═══ DATA RECORDS

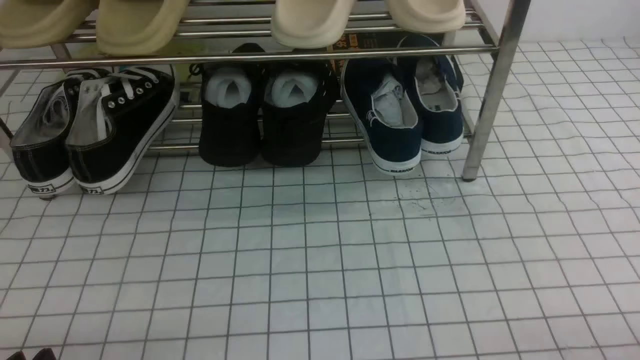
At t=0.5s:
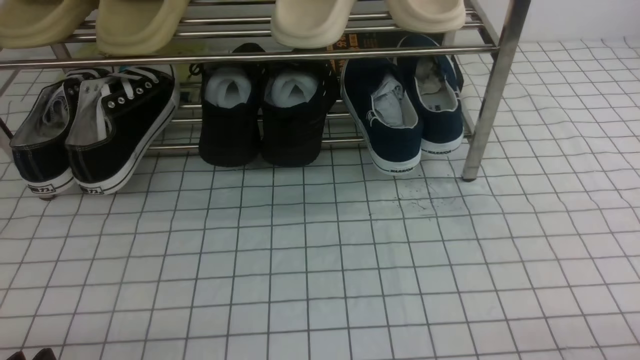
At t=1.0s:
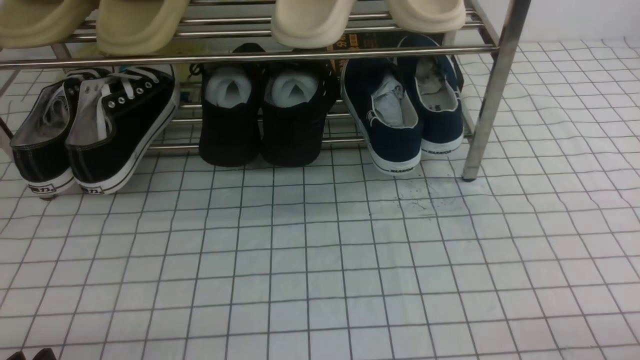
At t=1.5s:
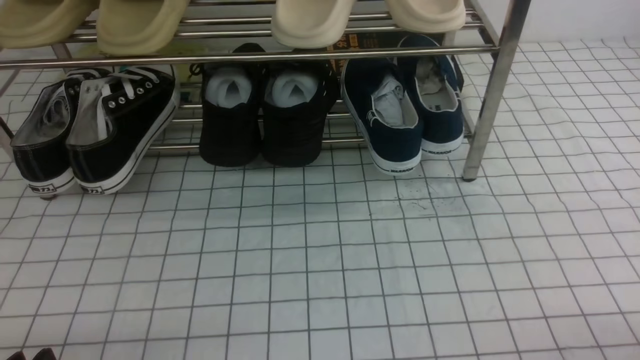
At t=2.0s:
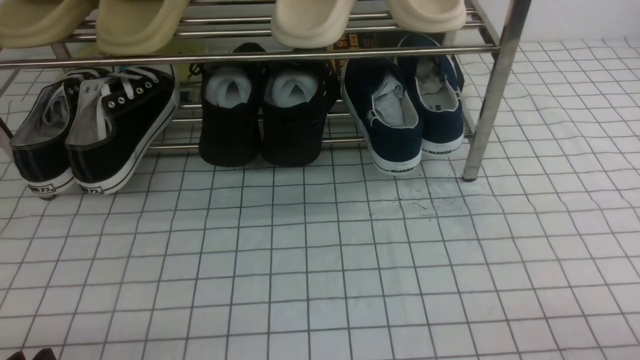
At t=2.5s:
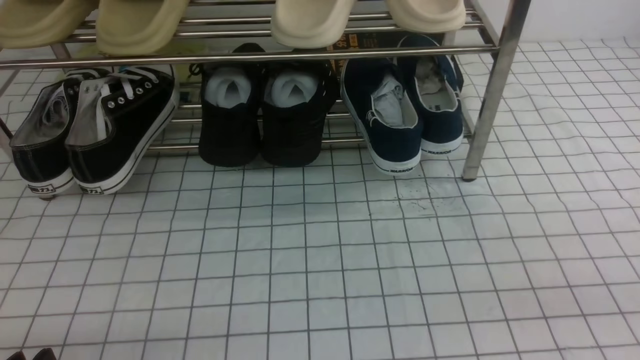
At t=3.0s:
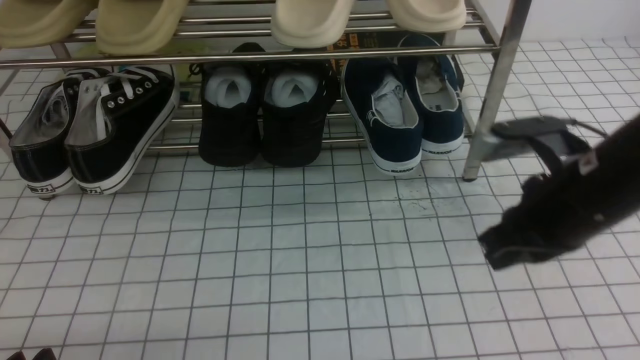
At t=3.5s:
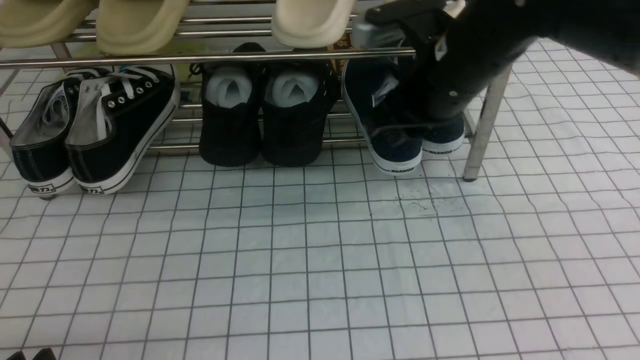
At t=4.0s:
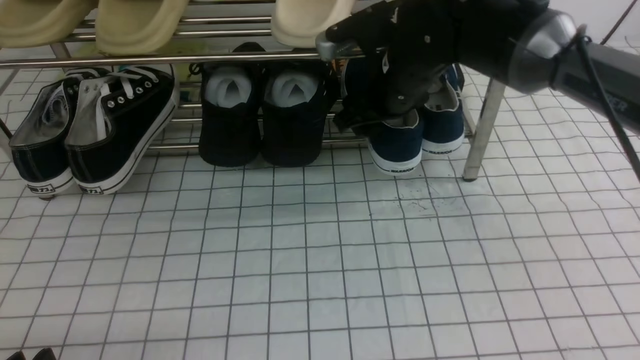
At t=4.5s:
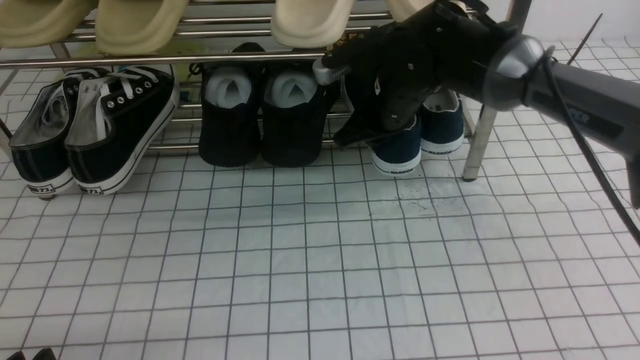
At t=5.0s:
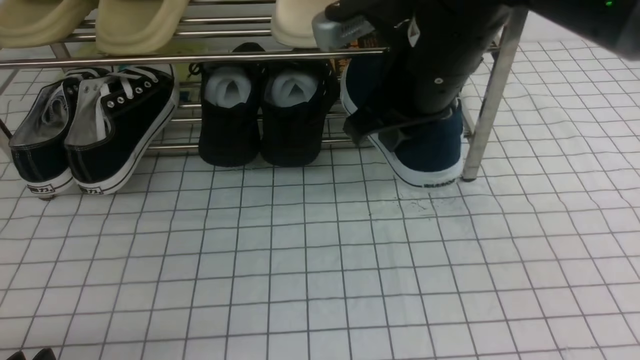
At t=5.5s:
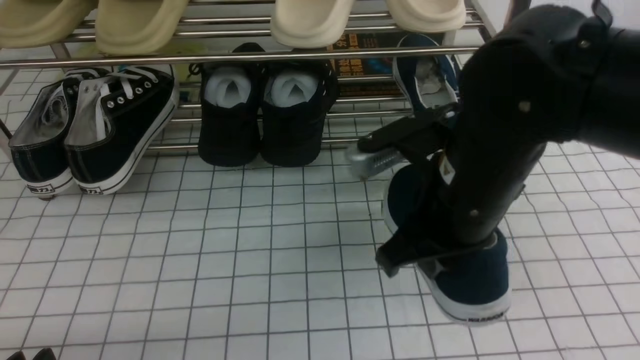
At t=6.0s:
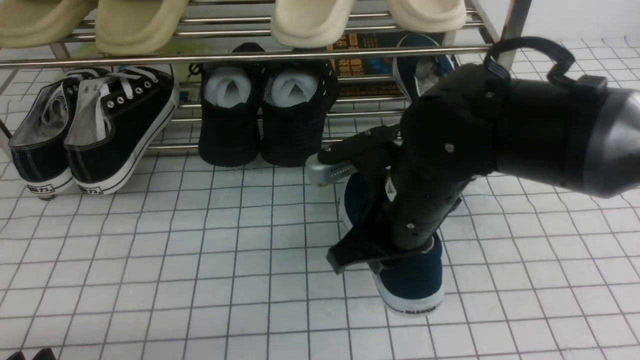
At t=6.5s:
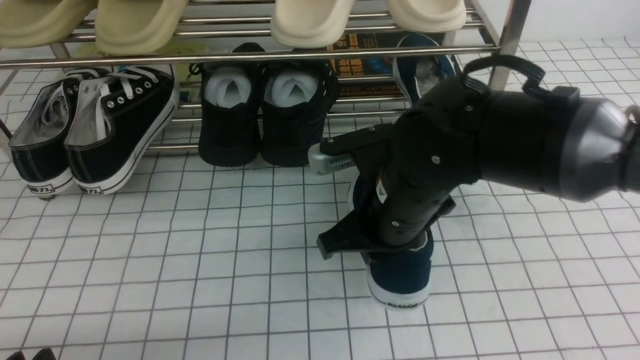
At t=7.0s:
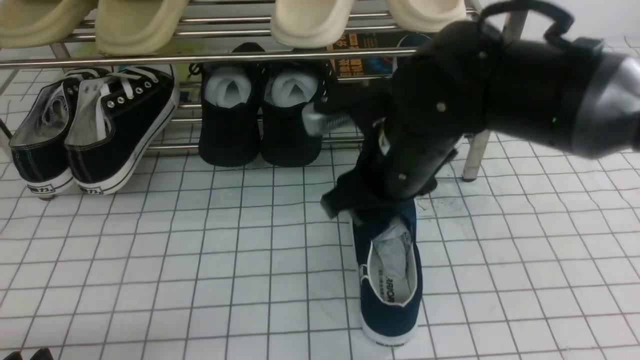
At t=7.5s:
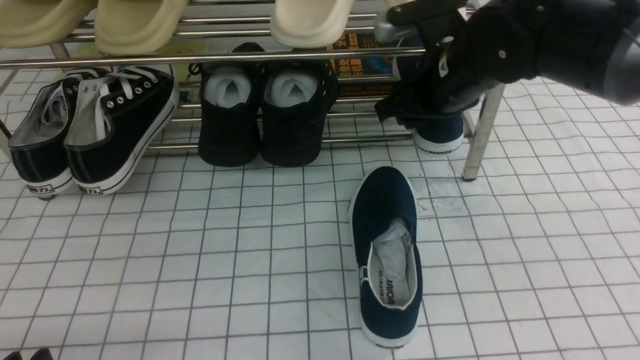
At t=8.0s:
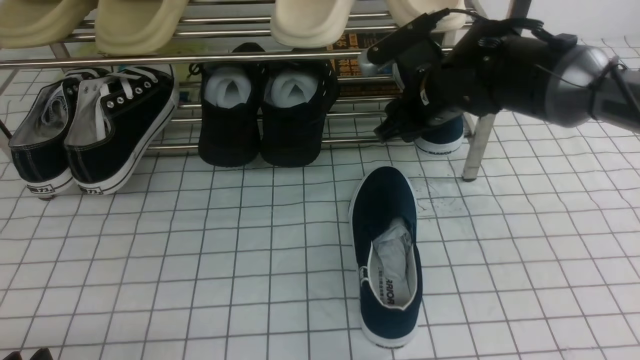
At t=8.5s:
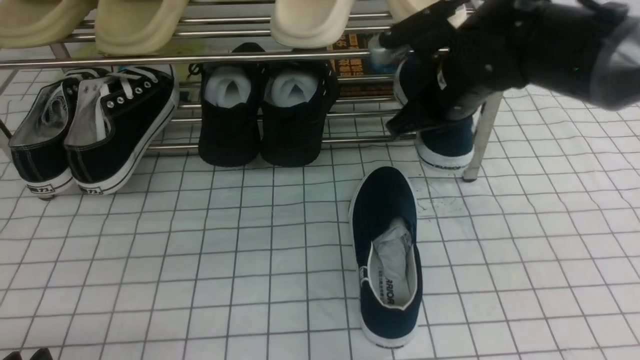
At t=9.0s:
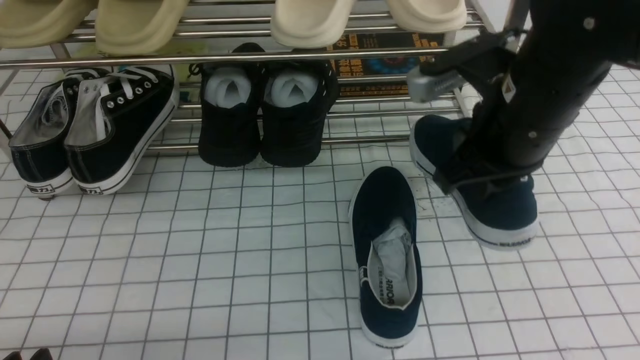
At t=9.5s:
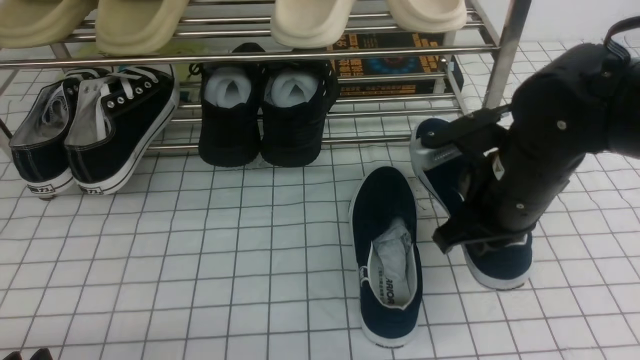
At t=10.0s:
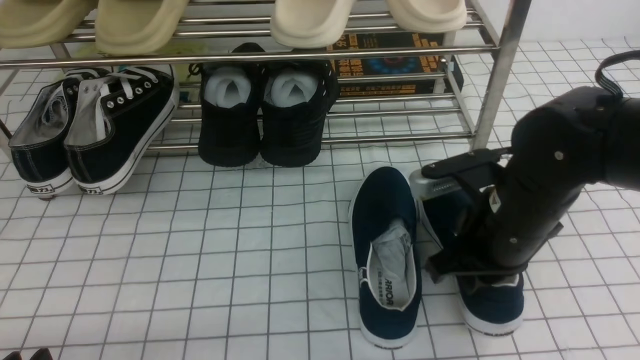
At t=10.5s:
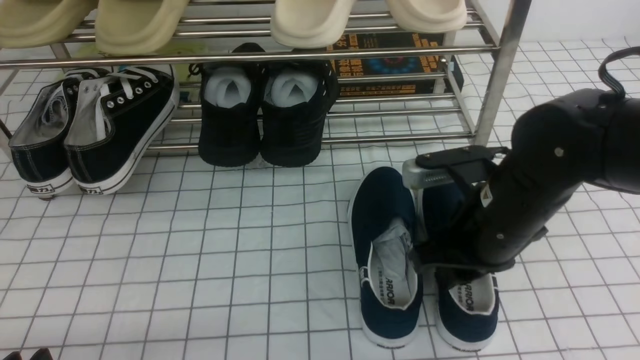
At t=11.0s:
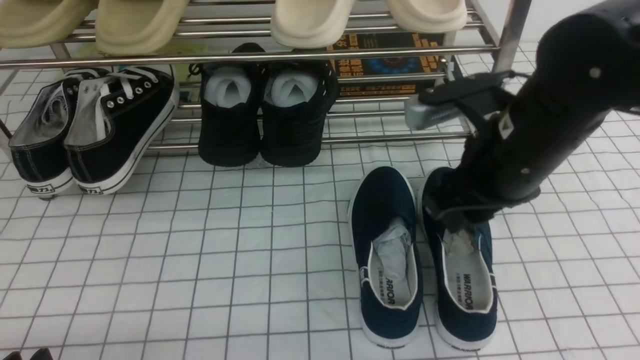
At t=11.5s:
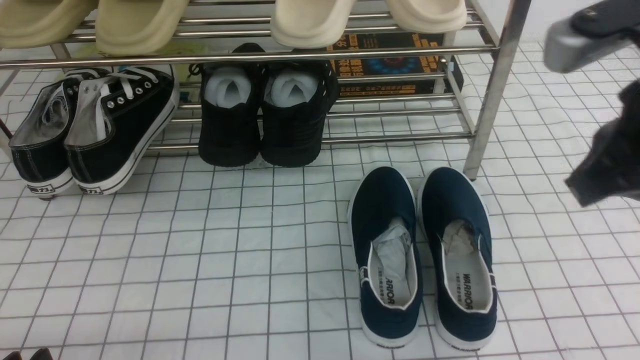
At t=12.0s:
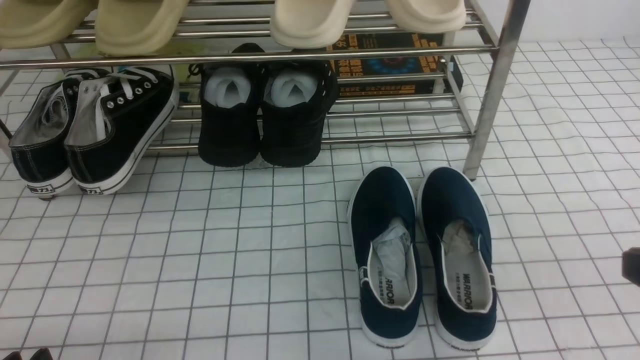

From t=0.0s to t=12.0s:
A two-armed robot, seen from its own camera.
Step, from t=0.0s to t=4.0s: use the right arm to clamp a shoe on the right side of the shoe rack.
Step, from t=4.5s to t=6.5s: use the right arm to take out the clamped shoe from the shoe rack and put it down.
Step, from t=7.0s to t=8.0s: use the right arm to clamp a shoe on the right side of the shoe rack.
Step, from t=8.5s to t=11.0s: use the right arm to take out the clamped shoe from the shoe rack and put it down.
From t=2.0s to t=4.0s: The right gripper shifts some 40 cm forward and to the left, and opens up.
From t=4.0s to t=6.0s: The right gripper is displaced backward by about 15 cm, and closes.
From t=6.0s to t=8.0s: The right gripper moves forward, approximately 15 cm, and opens.
From t=8.0s to t=10.0s: The right gripper travels backward by about 15 cm, and closes its fingers.
From t=10.0s to t=12.0s: The right gripper travels backward, to the right and upward by some 20 cm, and opens and closes again.

══════

_EXERCISE DESCRIPTION_:
Set the records down again precisely, skipping every image.

_WRITTEN SOLUTION_:
At t=0.5s:
At t=1.0s:
At t=1.5s:
At t=2.0s:
At t=2.5s:
At t=3.0s:
At t=3.5s:
At t=4.0s:
At t=4.5s:
At t=5.0s:
At t=5.5s:
At t=6.0s:
At t=6.5s:
At t=7.0s:
At t=7.5s:
At t=8.0s:
At t=8.5s:
At t=9.0s:
At t=9.5s:
At t=10.0s:
At t=10.5s:
At t=11.0s:
At t=11.5s:
At t=12.0s:

From t=0.0s to t=12.0s:
A two-armed robot, seen from its own camera.
Step, from t=0.0s to t=4.0s: use the right arm to clamp a shoe on the right side of the shoe rack.
Step, from t=4.5s to t=6.5s: use the right arm to take out the clamped shoe from the shoe rack and put it down.
Step, from t=7.0s to t=8.0s: use the right arm to clamp a shoe on the right side of the shoe rack.
Step, from t=8.5s to t=11.0s: use the right arm to take out the clamped shoe from the shoe rack and put it down.
From t=2.0s to t=4.0s: The right gripper shifts some 40 cm forward and to the left, and opens up.
From t=4.0s to t=6.0s: The right gripper is displaced backward by about 15 cm, and closes.
From t=6.0s to t=8.0s: The right gripper moves forward, approximately 15 cm, and opens.
From t=8.0s to t=10.0s: The right gripper travels backward by about 15 cm, and closes its fingers.
From t=10.0s to t=12.0s: The right gripper travels backward, to the right and upward by some 20 cm, and opens and closes again.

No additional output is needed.